Action item ▸
Among the lines below, how many carry the string "Units"? Reply with a number and nothing else.

Supplied material ▸
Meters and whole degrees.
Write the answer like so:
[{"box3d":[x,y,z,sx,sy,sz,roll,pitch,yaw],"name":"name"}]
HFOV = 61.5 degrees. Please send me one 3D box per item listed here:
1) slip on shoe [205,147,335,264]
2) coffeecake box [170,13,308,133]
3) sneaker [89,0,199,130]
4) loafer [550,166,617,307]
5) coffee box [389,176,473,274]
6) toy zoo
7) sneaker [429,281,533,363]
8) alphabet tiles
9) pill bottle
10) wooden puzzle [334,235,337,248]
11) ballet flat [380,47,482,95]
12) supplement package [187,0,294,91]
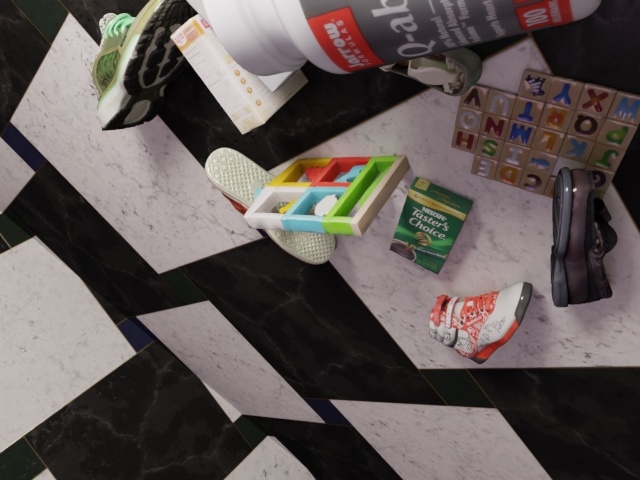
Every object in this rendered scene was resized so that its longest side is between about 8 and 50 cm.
[{"box3d":[-0.105,-0.071,1.159,0.331,0.123,0.101,38,168,-1],"name":"slip on shoe"},{"box3d":[-0.126,-0.295,0.880,0.068,0.142,0.185,-12,122,46],"name":"coffeecake box"},{"box3d":[-0.366,-0.368,1.022,0.410,0.158,0.182,-30,91,48],"name":"sneaker"},{"box3d":[0.399,0.000,0.809,0.095,0.109,0.302,-2,143,20],"name":"loafer"},{"box3d":[0.199,-0.024,0.997,0.113,0.040,0.184,28,144,13],"name":"coffee box"},{"box3d":[-0.009,-0.087,0.974,0.293,0.192,0.030,5,134,37],"name":"toy zoo"},{"box3d":[0.299,0.146,1.062,0.145,0.090,0.270,26,146,11],"name":"sneaker"},{"box3d":[0.312,-0.151,0.784,0.237,0.009,0.198,21,142,20],"name":"alphabet tiles"},{"box3d":[0.073,-0.287,0.539,0.362,0.210,0.210,-4,129,29],"name":"pill bottle"},{"box3d":[0.000,0.000,1.221,0.078,0.014,0.116,49,143,-9],"name":"wooden puzzle"},{"box3d":[0.123,-0.264,0.767,0.213,0.068,0.072,25,143,17],"name":"ballet flat"},{"box3d":[-0.087,-0.367,0.772,0.244,0.134,0.139,45,144,-12],"name":"supplement package"}]
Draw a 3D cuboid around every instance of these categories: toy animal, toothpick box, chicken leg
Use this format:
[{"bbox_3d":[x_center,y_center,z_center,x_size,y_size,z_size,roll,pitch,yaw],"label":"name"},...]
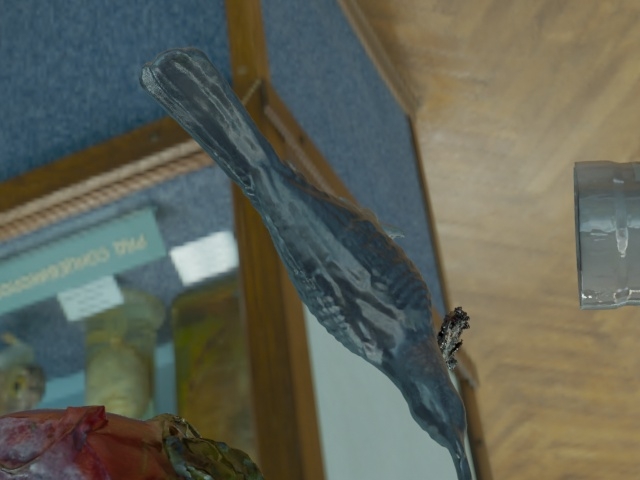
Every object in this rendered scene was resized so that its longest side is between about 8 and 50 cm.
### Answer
[{"bbox_3d":[0.015,0.008,0.917,0.081,0.206,0.367,-35,93,12],"label":"toy animal"},{"bbox_3d":[0.237,-0.006,0.778,0.149,0.098,0.098,-2,145,9],"label":"toothpick box"},{"bbox_3d":[0.104,0.086,1.014,0.036,0.021,0.083,-39,151,-34],"label":"chicken leg"}]

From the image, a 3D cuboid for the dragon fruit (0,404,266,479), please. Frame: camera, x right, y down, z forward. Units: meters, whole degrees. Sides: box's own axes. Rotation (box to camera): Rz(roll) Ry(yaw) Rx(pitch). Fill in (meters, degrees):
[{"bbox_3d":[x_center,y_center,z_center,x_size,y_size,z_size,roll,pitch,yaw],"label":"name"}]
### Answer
[{"bbox_3d":[-0.134,0.231,0.747,0.269,0.250,0.291,-30,144,-5],"label":"dragon fruit"}]
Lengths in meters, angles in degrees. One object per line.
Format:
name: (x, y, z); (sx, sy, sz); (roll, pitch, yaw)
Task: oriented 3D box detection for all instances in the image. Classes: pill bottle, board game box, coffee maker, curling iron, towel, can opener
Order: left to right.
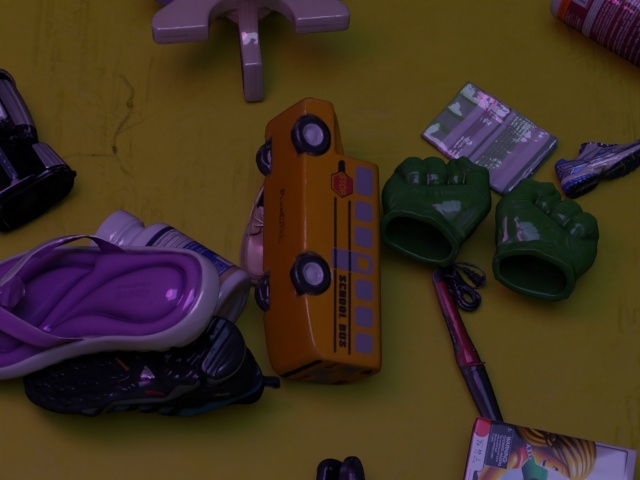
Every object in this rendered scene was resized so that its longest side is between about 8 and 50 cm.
coffee maker: (-0.427, -0.103, 1.969); (0.171, 0.120, 0.178); (-38, 68, 9)
pill bottle: (-0.190, 0.043, 1.890); (0.186, 0.112, 0.112); (30, 68, 14)
can opener: (0.014, 0.344, 1.782); (0.059, 0.073, 0.186); (8, 74, -5)
curling iron: (0.197, 0.145, 1.885); (0.068, 0.035, 0.274); (-11, 65, -5)
towel: (0.224, -0.135, 2.023); (0.152, 0.023, 0.113); (37, 69, 16)
board game box: (0.244, 0.371, 1.758); (0.193, 0.053, 0.305); (11, 70, 5)
pill bottle: (0.429, -0.300, 2.046); (0.221, 0.121, 0.121); (34, 69, 14)

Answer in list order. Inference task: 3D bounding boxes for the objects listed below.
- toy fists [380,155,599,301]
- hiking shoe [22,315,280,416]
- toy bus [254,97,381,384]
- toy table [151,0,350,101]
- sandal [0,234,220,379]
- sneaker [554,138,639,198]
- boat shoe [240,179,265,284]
toy fists: (0.213, -0.029, 1.921); (0.279, 0.096, 0.142); (17, 41, 9)
hiking shoe: (-0.212, 0.175, 1.830); (0.304, 0.132, 0.113); (-6, 56, 23)
toy bus: (0.000, 0.000, 1.877); (0.130, 0.108, 0.333); (11, 68, -29)
toy table: (-0.102, -0.326, 2.010); (0.274, 0.252, 0.161); (-13, 48, 3)
sandal: (-0.307, 0.059, 1.800); (0.416, 0.102, 0.169); (-10, 56, 27)
sneaker: (0.366, -0.110, 1.997); (0.135, 0.052, 0.058); (-23, 63, -11)
boat shoe: (-0.065, -0.028, 1.952); (0.063, 0.059, 0.170); (11, 65, 5)
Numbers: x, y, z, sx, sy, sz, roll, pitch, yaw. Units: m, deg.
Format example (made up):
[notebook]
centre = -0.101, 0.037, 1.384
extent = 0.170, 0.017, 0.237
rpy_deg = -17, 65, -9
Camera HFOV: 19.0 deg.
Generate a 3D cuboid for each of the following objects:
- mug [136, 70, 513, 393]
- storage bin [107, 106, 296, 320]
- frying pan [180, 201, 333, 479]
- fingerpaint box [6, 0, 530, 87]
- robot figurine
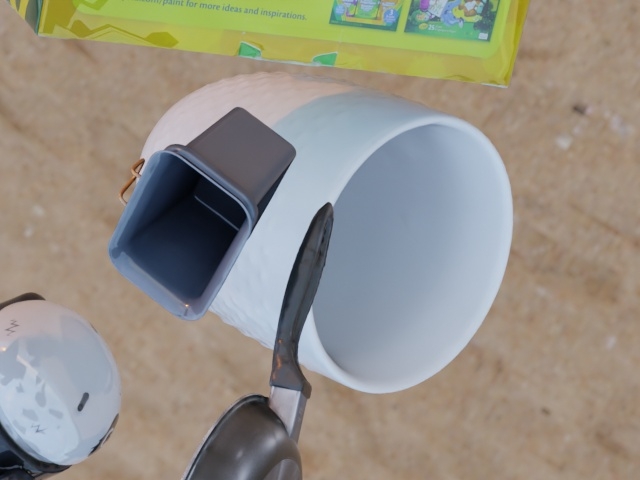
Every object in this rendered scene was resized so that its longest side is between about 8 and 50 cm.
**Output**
[mug]
centre = 0.000, 0.000, 1.932
extent = 0.328, 0.276, 0.374
rpy_deg = 23, 156, 43
[storage bin]
centre = -0.081, -0.028, 1.328
extent = 0.098, 0.091, 0.135
rpy_deg = 37, 136, 5
[frying pan]
centre = -0.035, 0.154, 1.330
extent = 0.053, 0.326, 0.197
rpy_deg = 17, 144, 19
[fingerpaint box]
centre = -0.020, -0.346, 1.625
extent = 0.163, 0.445, 0.371
rpy_deg = -136, 53, -58
[robot figurine]
centre = -0.324, 0.167, 1.862
extent = 0.278, 0.173, 0.209
rpy_deg = -25, 84, 24
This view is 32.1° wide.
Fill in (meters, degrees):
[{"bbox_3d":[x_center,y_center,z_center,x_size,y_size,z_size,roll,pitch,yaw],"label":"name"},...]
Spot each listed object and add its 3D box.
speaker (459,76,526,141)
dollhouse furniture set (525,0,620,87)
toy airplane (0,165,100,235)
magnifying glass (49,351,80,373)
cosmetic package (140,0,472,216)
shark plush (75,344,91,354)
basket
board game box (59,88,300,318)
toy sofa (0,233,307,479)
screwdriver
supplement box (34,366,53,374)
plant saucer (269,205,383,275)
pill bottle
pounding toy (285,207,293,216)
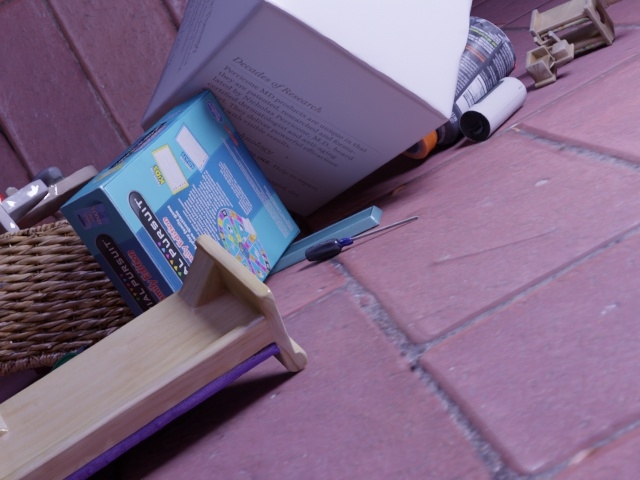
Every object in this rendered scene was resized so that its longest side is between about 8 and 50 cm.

Response to the task ▸
2